Building an operating system kernel offers a rare look beneath the surface of modern computing systems. As part of the 15-410 Operating System course, we developed a Unix-like kernel entirely from scratch, with C and Assembly. This post explores the foundational concepts of OS kernels and shares insights from our implementation, including key design decisions, development strategies, and lessons learned from debugging low-level code.
Part 1: Fundamental Building Blocks of an OS Kernel
Virtual Memory and Paging
Virtual memory allows each process to run in its own isolated address space, providing abstraction and protection. On the x86-32 architecture, paging implements virtual memory by translating virtual addresses to physical ones.
A virtual address in this architecture is divided into three components: the top 10 bits index into the page directory, the next 10 bits index into a page table, and the final 12 bits serve as an offset within the 4KB physical page.
The translation process begins with the CR3 register, which holds the base address of the page directory. The CPU uses the directory index to locate the page table, then uses the table index to find the physical page. The physical address is formed by combining the frame address with the offset.
Each page table entry occupies 4 bytes and includes status flags, such as present, read / write, and user / supervisor, which control memory access permissions.
Context Switching and Scheduling
Context switching enables multitasking by saving the state of the currently running thread and restoring the state of another. On x86 systems, this includes saving general-purpose registers (EAX, EBX, etc.), segment registers, the instruction pointer (EIP), the stack pointer (ESP), and the EFLAGS.
The scheduler keeps track of runnable threads. When a context switch is triggered—either voluntarily or by a timer interrupt—the kernel saves the current thread’s state in its Thread Control Block (TCB) and restores the next thread’s state before transferring control.
Interrupt Handling and Mode Switching
Interrupts allow the CPU to respond to asynchronous events, such as hardware signals or exceptions. When an interrupt occurs, the CPU consults the Interrupt Descriptor Table (IDT) to determine the appropriate handler.
If the interrupt requires a privilege level change (e.g., switching from user mode to kernel mode), the CPU loads the kernel stack pointer from the Task State Segment (TSS) and pushes several values onto the stack, including the segment selector, stack pointer, flags, and the instruction pointer. For some exceptions, an error code is also pushed.

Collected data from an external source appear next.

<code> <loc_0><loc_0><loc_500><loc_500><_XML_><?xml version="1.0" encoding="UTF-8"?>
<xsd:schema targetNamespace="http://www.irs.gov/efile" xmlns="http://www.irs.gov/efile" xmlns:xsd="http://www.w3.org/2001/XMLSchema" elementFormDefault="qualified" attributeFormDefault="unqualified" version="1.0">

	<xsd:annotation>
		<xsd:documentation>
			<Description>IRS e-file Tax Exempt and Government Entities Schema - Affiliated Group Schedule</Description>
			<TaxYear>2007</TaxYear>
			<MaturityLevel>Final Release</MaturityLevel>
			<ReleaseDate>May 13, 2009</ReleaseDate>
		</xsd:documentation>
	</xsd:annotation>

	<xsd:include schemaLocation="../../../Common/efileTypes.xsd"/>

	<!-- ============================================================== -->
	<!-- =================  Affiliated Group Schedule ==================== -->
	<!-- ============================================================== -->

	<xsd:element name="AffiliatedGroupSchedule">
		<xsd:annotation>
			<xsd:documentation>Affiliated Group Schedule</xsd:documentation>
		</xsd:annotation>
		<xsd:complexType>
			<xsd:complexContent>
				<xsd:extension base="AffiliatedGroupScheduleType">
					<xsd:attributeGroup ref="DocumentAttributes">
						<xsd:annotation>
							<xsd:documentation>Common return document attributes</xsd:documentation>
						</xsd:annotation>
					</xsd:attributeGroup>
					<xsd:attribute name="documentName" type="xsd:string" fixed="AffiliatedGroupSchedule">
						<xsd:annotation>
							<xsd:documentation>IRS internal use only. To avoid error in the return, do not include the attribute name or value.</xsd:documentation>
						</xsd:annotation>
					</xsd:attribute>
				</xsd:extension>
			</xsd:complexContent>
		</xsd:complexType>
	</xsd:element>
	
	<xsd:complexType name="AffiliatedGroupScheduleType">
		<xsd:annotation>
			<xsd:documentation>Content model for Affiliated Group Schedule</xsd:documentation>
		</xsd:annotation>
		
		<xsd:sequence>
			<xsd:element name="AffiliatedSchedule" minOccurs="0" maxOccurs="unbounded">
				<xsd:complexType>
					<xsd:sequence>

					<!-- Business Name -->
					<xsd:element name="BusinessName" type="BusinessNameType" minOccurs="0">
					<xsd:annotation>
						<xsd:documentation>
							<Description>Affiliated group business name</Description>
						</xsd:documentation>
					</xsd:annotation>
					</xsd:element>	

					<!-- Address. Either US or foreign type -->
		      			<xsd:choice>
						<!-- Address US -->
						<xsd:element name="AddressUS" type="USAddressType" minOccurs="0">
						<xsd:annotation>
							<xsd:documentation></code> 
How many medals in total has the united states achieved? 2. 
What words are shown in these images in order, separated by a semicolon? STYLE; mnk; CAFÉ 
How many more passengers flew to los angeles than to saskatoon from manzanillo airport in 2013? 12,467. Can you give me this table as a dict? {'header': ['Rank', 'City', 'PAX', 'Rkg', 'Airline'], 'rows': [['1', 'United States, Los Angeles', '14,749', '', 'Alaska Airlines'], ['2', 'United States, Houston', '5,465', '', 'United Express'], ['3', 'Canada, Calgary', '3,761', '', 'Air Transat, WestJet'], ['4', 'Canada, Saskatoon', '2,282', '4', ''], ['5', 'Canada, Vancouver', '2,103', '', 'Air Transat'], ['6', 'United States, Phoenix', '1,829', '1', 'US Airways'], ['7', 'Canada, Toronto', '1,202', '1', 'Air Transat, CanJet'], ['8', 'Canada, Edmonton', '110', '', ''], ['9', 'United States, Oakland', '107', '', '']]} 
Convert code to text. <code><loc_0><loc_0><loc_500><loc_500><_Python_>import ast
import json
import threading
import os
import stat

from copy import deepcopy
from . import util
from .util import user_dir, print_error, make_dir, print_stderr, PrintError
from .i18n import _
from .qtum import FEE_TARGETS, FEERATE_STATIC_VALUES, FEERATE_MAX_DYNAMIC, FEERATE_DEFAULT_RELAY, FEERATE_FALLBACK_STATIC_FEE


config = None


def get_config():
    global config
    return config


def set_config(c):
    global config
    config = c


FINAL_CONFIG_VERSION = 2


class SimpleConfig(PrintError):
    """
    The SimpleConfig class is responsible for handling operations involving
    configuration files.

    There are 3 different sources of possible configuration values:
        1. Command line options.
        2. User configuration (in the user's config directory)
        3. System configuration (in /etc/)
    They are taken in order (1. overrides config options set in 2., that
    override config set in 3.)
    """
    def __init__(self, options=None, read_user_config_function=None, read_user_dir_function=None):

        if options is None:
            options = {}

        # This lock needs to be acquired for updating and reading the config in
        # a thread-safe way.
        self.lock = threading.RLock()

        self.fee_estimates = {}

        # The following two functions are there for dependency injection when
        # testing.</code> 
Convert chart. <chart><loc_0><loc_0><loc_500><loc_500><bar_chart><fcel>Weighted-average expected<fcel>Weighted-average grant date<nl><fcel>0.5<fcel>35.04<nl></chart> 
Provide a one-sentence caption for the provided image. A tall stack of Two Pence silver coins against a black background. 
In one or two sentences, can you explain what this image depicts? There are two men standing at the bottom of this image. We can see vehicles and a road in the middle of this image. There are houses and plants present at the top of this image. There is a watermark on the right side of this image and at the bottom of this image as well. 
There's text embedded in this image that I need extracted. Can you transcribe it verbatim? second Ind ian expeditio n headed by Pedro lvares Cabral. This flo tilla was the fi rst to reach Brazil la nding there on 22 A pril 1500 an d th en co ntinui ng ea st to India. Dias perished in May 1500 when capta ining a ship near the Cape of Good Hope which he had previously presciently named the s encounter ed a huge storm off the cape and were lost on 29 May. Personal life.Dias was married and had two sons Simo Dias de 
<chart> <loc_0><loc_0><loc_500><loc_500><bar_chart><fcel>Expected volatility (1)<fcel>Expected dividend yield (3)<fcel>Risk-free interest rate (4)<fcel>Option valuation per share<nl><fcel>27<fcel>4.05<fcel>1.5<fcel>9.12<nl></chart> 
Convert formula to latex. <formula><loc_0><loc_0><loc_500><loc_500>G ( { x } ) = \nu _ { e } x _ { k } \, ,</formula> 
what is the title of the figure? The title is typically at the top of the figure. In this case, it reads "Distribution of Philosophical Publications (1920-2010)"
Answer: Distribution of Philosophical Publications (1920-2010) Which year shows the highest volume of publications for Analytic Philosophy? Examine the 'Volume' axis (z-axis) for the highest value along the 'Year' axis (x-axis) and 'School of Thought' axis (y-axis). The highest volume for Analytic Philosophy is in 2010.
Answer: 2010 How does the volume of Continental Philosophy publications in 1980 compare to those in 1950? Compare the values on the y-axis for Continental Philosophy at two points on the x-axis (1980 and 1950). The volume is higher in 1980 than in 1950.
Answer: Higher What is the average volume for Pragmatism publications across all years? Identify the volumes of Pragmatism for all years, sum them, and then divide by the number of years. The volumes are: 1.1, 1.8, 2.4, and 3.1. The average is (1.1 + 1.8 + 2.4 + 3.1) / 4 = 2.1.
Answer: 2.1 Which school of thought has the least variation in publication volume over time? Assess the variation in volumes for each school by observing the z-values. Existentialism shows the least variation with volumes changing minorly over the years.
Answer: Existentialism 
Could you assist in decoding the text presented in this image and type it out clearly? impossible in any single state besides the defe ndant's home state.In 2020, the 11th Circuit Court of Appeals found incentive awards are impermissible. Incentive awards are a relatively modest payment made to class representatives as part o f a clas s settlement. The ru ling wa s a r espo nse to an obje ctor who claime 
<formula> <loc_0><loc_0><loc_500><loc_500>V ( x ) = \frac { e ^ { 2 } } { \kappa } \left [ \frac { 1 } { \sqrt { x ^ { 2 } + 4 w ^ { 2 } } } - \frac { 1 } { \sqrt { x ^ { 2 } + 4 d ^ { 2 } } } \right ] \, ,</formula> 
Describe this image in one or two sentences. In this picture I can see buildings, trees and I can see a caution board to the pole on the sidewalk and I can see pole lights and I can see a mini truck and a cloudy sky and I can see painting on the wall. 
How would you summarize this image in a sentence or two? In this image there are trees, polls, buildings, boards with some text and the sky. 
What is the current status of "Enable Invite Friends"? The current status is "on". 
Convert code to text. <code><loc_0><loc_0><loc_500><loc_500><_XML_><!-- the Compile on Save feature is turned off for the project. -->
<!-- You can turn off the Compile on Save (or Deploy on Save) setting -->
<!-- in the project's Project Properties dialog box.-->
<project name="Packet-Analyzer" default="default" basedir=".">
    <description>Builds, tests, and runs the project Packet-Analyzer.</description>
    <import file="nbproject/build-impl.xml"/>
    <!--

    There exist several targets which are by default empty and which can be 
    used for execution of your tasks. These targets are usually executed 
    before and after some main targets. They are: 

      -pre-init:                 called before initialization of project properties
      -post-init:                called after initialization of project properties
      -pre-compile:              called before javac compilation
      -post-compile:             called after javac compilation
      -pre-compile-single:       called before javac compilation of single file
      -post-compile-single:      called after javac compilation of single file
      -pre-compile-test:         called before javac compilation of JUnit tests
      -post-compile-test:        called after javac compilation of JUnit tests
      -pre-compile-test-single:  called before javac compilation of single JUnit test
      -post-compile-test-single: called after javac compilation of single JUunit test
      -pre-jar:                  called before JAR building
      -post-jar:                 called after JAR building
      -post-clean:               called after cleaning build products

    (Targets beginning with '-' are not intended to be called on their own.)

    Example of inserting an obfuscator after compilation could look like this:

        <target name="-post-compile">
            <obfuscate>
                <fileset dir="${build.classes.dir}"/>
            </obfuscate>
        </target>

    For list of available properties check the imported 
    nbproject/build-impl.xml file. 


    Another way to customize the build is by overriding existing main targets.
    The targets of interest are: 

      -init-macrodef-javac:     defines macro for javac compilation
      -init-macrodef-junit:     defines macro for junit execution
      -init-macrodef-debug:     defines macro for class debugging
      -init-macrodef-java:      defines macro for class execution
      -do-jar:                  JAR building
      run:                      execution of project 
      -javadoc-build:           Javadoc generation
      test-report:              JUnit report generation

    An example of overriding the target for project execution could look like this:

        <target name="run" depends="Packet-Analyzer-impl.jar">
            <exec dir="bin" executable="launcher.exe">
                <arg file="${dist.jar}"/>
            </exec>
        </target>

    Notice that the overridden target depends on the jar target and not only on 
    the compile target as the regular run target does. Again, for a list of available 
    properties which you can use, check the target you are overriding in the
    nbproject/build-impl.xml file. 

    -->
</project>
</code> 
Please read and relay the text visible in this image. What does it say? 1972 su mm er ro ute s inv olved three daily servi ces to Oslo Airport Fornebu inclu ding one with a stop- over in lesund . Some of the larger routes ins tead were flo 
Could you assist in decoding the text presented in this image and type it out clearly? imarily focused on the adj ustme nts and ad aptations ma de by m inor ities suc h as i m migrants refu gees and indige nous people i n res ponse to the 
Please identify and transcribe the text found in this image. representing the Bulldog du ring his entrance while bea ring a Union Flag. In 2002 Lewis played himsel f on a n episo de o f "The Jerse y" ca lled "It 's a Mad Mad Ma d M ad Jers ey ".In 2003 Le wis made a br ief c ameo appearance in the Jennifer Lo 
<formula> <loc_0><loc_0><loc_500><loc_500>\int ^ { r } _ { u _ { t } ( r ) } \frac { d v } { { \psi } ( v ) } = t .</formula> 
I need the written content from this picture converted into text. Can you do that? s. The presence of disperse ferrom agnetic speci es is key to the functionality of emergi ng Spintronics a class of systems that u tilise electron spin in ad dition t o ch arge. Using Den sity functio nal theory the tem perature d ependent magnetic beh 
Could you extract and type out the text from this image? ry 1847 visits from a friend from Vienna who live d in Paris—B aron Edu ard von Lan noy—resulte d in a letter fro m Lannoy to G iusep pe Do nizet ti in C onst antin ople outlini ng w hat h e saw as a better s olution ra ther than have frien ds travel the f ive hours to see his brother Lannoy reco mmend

Control is then transferred to the handler function defined in the IDT. To return from the interrupt, the IRET instruction restores the processor state and resumes execution.
Timer Interrupts vs. Voluntary Context Switches
Timer interrupts occur at regular intervals and allow the kernel to preempt the currently running thread. These are handled in the interrupt context and typically result in a context switch if another thread is ready to run.
In contrast, voluntary context switches occur when a thread explicitly yields control, such as by calling a yield()
system call. These switches are initiated by the thread itself during system call execution and do not rely on hardware interrupts.
Device Interfaces and Controller Blocks
Device drivers manage communication between the kernel and hardware components such as disks and keyboards. They use I/O ports or memory-mapped registers to send commands and receive responses from devices.
The operating system maintains controller data structures to track the status of each device and manage pending operations. For example, a disk driver might issue a command to the controller, wait for an interrupt signaling completion, and update an I/O request block to reflect the operation’s status.